First, we will create a folder for our project named “Face_Detection_Python”.

After, create a file named “Face_Detector.py”.

Code Implementation:

As we are using the OpenCV library so first we will be importing it using the import keyword.

import cv2

import cv2

Now we will use the xml file that we have saved in the same Directory as the program.

We will load it into the face detection program:

face_cascade = cv2.CascadeClassifier(‘face_detector.xml’)

face_cascade = cv2.CascadeClassifier('face_detector.xml')

The next step is to choose an Image on which you want to test your code. Make sure there is at least one face in the image so that the face detection program can find at least one face.

We will be using the image that we have downloaded and saved in the same directory as the program.
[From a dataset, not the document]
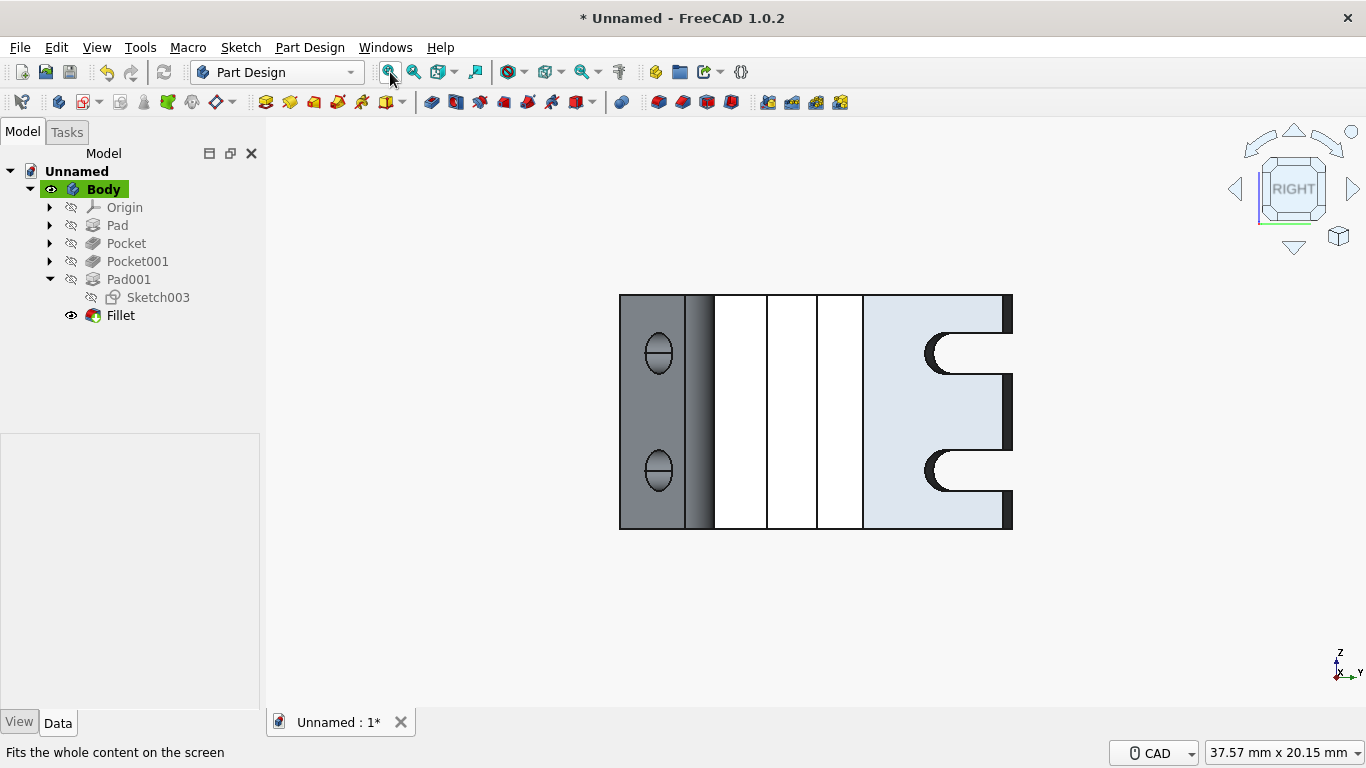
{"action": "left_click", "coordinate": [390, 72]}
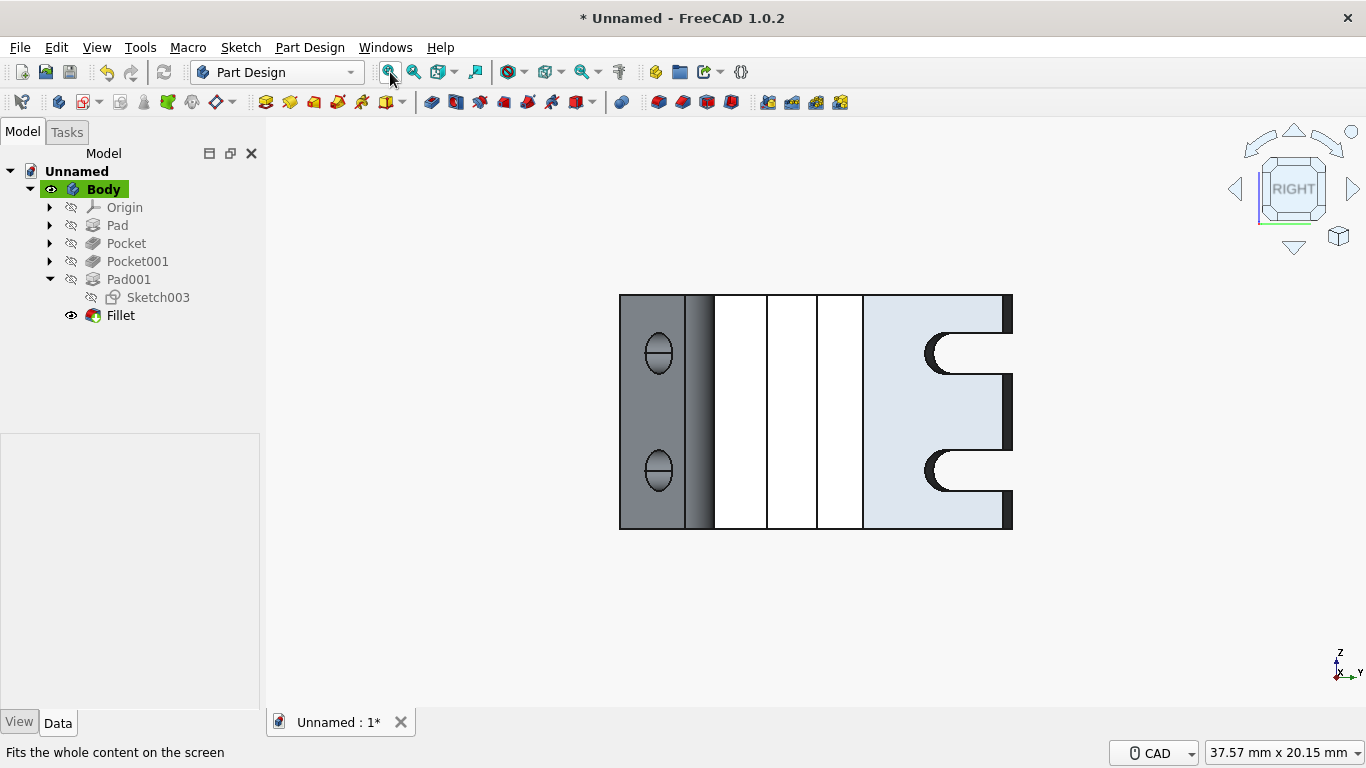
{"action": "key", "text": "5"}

The image is stored in a variable img that will be later used for face detection in the project.

img = cv2.imread(‘image.jpg’)

img = cv2.imread('image.jpg')

Now we’ll be detecting the faces.

The below code is used to detect the faces in the provided image.

faces = face_cascade.detectMultiScale(img, 1.1, 4)

faces = face_cascade.detectMultiScale(img, 1.1, 4)

Now that we have detected the face we need to draw a rectangle around it to show that we have detected a face and that is the face inside the rectangle.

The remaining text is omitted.